MicroBT WhatsMiner M50, M50S, and M53 ASICs: Full Review – Features, Profit, and Payback
On April 6, 2022, the innovative ASIC MicroBT WhatsMiner M50S, M50, and M53 were unveiled at the Bitcoin 2022 conference in Miami, USA. This occurred on Industry Day. The devices are both energy efficient and have a high hashrate. Liquid cooling is also used by the Whatsminer M53.
The M50 and M50S are built in the conventional MicroBT style, with an extended casing and top-mounted power supplies. Two strong fans keep the room cool.
The M53 ASIC appears to be a flat box with only the bare minimum of outputs. Samsung 5 nm chips are used in all of the products. They are around 15% more efficient than the M30 series before them.

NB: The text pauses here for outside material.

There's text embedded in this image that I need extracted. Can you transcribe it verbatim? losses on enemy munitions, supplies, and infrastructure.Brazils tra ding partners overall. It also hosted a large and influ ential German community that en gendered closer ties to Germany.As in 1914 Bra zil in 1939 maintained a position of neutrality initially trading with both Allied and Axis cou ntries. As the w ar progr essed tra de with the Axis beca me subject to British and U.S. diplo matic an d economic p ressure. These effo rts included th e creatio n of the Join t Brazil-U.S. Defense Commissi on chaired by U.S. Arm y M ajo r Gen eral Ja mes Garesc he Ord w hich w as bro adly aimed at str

The new miners drew consumers’ attention first and mainly because of their technical capabilities. It will be able to produce and export 30,000 units every month, according to the company.
Whatsminer M50S Standards
The following are the claimed characteristics of the Whatsminer M50S, which may change significantly from the actual ones, particularly in terms of hashrate and power consumption. Typically, the first value is slightly lower, whereas the second value is slightly higher:
Hashrate — 126 Th/s
Power consumption — 3 276 W
Energy efficiency — 26 J/TH
Availability date — Q3 2022
Profitability of Whatsminer M50S
Using the manufacturer’s specifications as a starting point, the Bitcoin network’s complexity as of 04.06.2022, the exchange rate of BTC = 45,000 USD, and the cost of electricity = 0.04 USD per 1 kWh, we can estimate the profit the new M50S ASIC will generate:
– 22 USD per day;
– 660 per month;
– 7,920 per year.
Whatsminer M50S Payback
The retail price of the new ASIC has been estimated at 10,924 USD so far, ignoring logistics and shipping to each individual region. With the miner’s reported characteristics, the payback period is 1.4 years, allowing for a net profit before the next bitcoin halving.

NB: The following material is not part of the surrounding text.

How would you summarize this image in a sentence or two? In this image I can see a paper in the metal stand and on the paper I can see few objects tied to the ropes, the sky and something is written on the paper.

Specifications of Whatsminer M50
The M50 Whatsminer has somewhat lesser specifications than the S-version. They’re also likely to differ significantly from the real thing, but here’s what the maker has said thus far:
Hashrate – 114 Th/s;
Power consumption – 3 306 W;
Energy efficiency – 29 J/TH.
Availability date – Q3 2022.
Profitability of Whatsminer M50
Let’s use the same Bitcoin network complexity as on 06.04.2022, with a BTC exchange rate of 45 000 USD and a power cost of 0.04 USD per 1 kWh. In this situation, M50 will earn as follows:
– 20 USD per day;
– 600 per month;
– 7,200 per year.
Whatsminer M50 retaliation
The retail price of this ASIC has not yet been disclosed, but it is now $8,857 USD on official dealer websites, excluding logistics and delivery expenses to each unique location. As a result, the miner’s payback duration is 1.23 years with the specified features. It is feasible to reach repayment before bitcoin halving and continue mining with earnings, depending on the availability date.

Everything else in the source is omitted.